知言面无表情地翻到第三页,指腹划过密密麻麻的条款文字,在某一行停了一瞬——极短的停顿,短到像是指尖不小心被纸缘刮了一下,但她的呼吸没有变,睫毛也没有颤。她继续往下看,眼神冷淡地扫过那些冰冷的条款,随后发出一声轻嗤。
「听起来像是在拿我当质押品。凌先生,你这套把戏对我没用,直接告诉我你要什么就好。」
这句话让整个会议室的空气都静了一瞬。两侧的干部下意识交换眼神,没有人敢出声,离她最近的一个助理甚至不自觉地把椅子往后挪了半寸。凌厉枭却没有皱眉,反而慢慢往椅背靠去,像是在欣赏什么有趣的东西。
「质押品?」
他轻声重复了一遍,嘴角浮出一个不明显的弧度。
「你要这样理解也行,反正意思差不多。」
他擡起下巴,视线落在她脸上,语气沉稳得近乎随意。
「我要的很简单,修御堂拿出诚意,让我相信东南亚那条线交出去之后,出了问题有人能扛责任,而不是让我去追一对临时跑去约会度假的夫妻。」
最后几个字带了一丝轻描淡写的讽意,没有针对她,却刚好戳在最直接的地方。他重新坐正,指尖点了一下桌面。

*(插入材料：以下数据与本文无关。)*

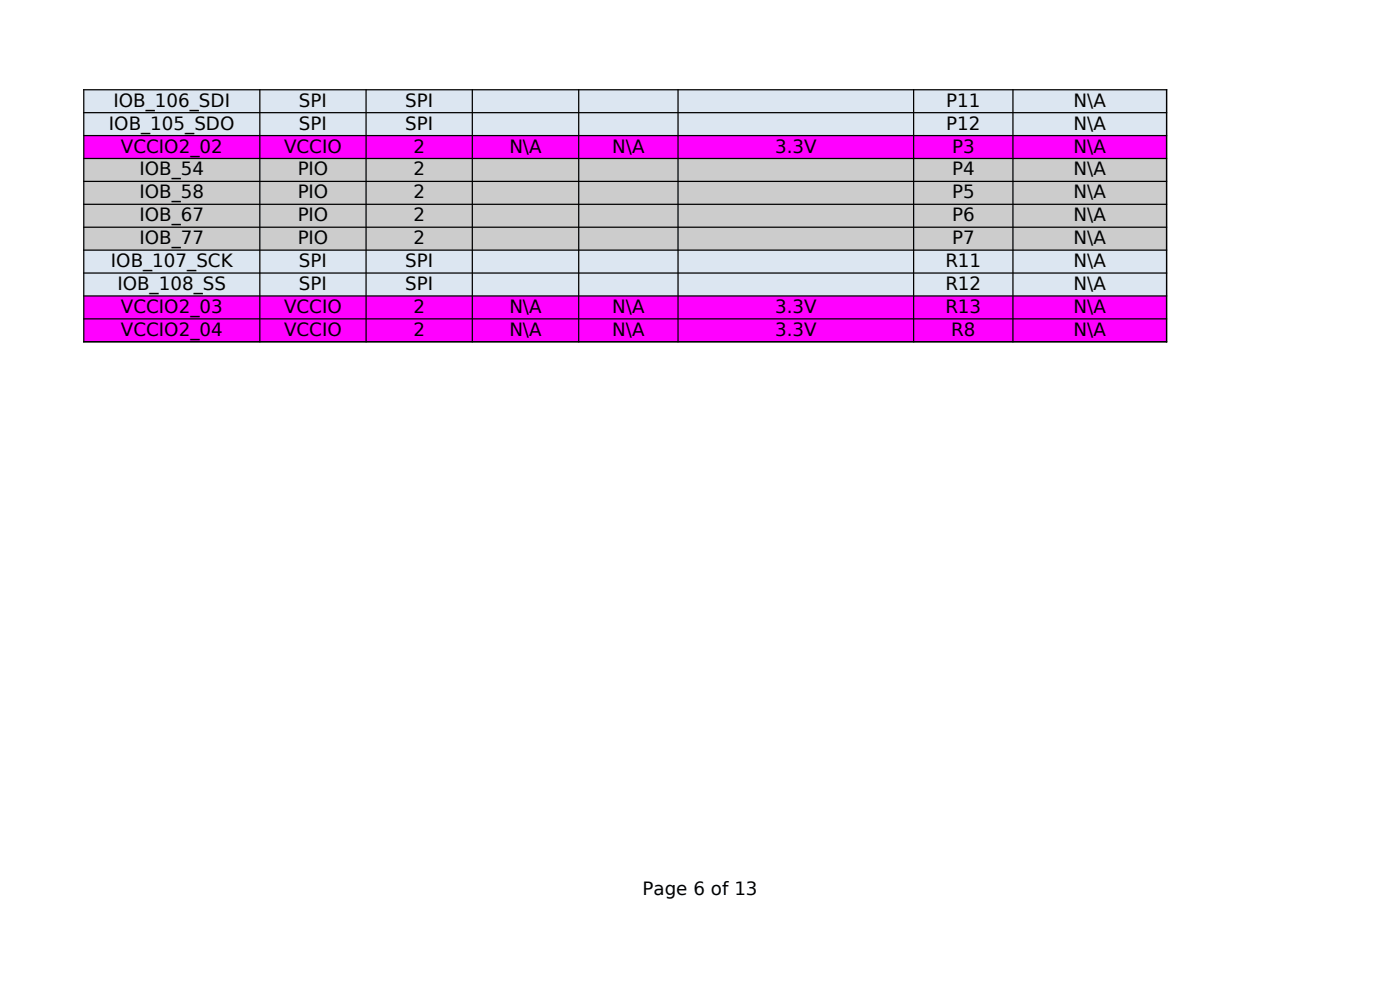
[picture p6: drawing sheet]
<svg xmlns="http://www.w3.org/2000/svg" width="297mm" height="210mm" viewBox="0 0 297 210" stroke-linecap="round" stroke-linejoin="round" font-family="sans-serif">
<defs><g id="words">
<g font-size="3.9">
<text x="24.1" y="22.7">IOB_106_SDI</text>
<text x="63.4" y="22.7">SPI</text>
<text x="86" y="22.7">SPI</text>
<text x="200.7" y="22.7">P11</text>
<text x="227.8" y="22.7">N\A</text>
<text x="23.1" y="27.5">IOB_105_SDO</text>
<text x="63.4" y="27.5">SPI</text>
<text x="86" y="27.5">SPI</text>
<text x="200.7" y="27.5">P12</text>
<text x="227.8" y="27.5">N\A</text>
<text x="25.7" y="32.4">VCCIO2_02</text>
<text x="60.2" y="32.4">VCCIO</text>
<text x="87.7" y="32.4">2</text>
<text x="108.1" y="32.4">N\A</text>
<text x="129.9" y="32.4">N\A</text>
<text x="164.4" y="32.4">3.3V</text>
<text x="202" y="32.4">P3</text>
<text x="227.8" y="32.4">N\A</text>
<text x="29.6" y="37.2">IOB_54</text>
<text x="63.2" y="37.2">PIO</text>
<text x="87.7" y="37.2">2</text>
<text x="202" y="37.2">P4</text>
<text x="227.8" y="37.2">N\A</text>
<text x="29.6" y="42.1">IOB_58</text>
<text x="29.6" y="47">IOB_67</text>
<text x="63.2" y="42.1">PIO</text>
<text x="63.2" y="47">PIO</text>
<text x="87.7" y="42.1">2</text>
<text x="87.7" y="47">2</text>
<text x="202" y="42.1">P5</text>
<text x="202" y="47">P6</text>
<text x="227.8" y="42.1">N\A</text>
<text x="227.8" y="47">N\A</text>
<text x="29.6" y="51.8">IOB_77</text>
<text x="63.2" y="51.8">PIO</text>
<text x="87.7" y="51.8">2</text>
<text x="202" y="51.8">P7</text>
<text x="227.8" y="51.8">N\A</text>
<text x="23.5" y="56.7">IOB_107_SCK</text>
<text x="63.4" y="56.7">SPI</text>
<text x="86" y="56.7">SPI</text>
<text x="200.5" y="56.7">R11</text>
<text x="227.8" y="56.7">N\A</text>
<text x="24.9" y="61.5">IOB_108_SS</text>
<text x="63.4" y="61.5">SPI</text>
<text x="86" y="61.5">SPI</text>
<text x="200.5" y="61.5">R12</text>
<text x="227.8" y="61.5">N\A</text>
<text x="25.7" y="66.4">VCCIO2_03</text>
<text x="25.7" y="71.2">VCCIO2_04</text>
<text x="60.2" y="66.4">VCCIO</text>
<text x="60.2" y="71.2">VCCIO</text>
<text x="87.7" y="66.4">2</text>
<text x="87.7" y="71.2">2</text>
<text x="108.1" y="66.4">N\A</text>
<text x="108.1" y="71.2">N\A</text>
<text x="129.9" y="66.4">N\A</text>
<text x="129.9" y="71.2">N\A</text>
<text x="164.4" y="66.4">3.3V</text>
<text x="164.4" y="71.2">3.3V</text>
<text x="200.5" y="66.4">R13</text>
<text x="201.8" y="71.2">R8</text>
<text x="227.8" y="66.4">N\A</text>
<text x="227.8" y="71.2">N\A</text>
<text x="136.3" y="189.8">Page 6 of 13</text>
</g>
</g></defs>
<path d="M17.8 19h229.7v9.7h-229.7z" fill-rule="evenodd" fill="#dce6f1"/>
<path d="M17.8 28.7h229.7v4.9h-229.7z" fill-rule="evenodd" fill="#f0f"/>
<path d="M17.8 33.6h229.7v19.4h-229.7z" fill-rule="evenodd" fill="#ccc"/>
<path d="M17.8 53h229.7v9.8h-229.7z" fill-rule="evenodd" fill="#dce6f1"/>
<path d="M17.8 62.8h229.7v9.7h-229.7z" fill-rule="evenodd" fill="#f0f"/>
<g fill="none" stroke="#000" stroke-width=".26">
<path d="M17.6 19h230M17.8 18.9v53.7M55.1 18.9v53.7M77.7 18.9v53.7M100.2 18.9v53.7M122.8 18.9v53.7M143.8 18.9v53.7M193.8 18.9v53.7M214.9 18.9v53.7M247.5 18.9v53.7M17.6 23.9h230M17.6 28.8h230"/>
<path d="M17.6 33.6h230M17.6 38.5h230M17.6 43.3h230M17.6 48.2h230M17.6 53.1h230M17.6 57.9h230M17.6 62.8h230M17.6 67.6h230M17.6 72.5h230"/>
</g>
<use href="#words"/>
</svg>

「你说直接,那我就直接,今天谈完,你要给我一个明确的答复,合作条件接不接,能不能担这个责任,你说了算。」
深色眼睛静静看着她,没有压迫,也没有退让,只是在等。
知言冷淡地将文件往回推了几公分,指尖在纸页边缘轻轻敲击,节奏不快不慢,像是某种只有她自己听得见的思考韵律,目光从文件移到对面那张沉稳得近乎无懈可击的脸上。
「既然你喜欢直接,那我接了,但出了问题,厉远也得共同负责。」
凌厉枭看着她将文件往回推,眼神微微一沉,随即轻轻勾起嘴角。
「你要我负责?」
他低声重复,像在确认什么,语气里带着几分玩味。
那几个字落在会议室里,轻得像羽毛,却让空气的温度微妙地变了。知言没有接话,只是静静回望他,嘴角那抹弧度还挂在那里,不深不浅,像是一个还没说出口的答案。
凌厉枭看了她两秒,然后收回视线,修长的手指拿起桌上的钢笔,笔盖旋开又旋上,发出一声细微的金属咬合声。
「有意思。」
他第二次在心里说了这三个字,但这一次,意思已经不一样了。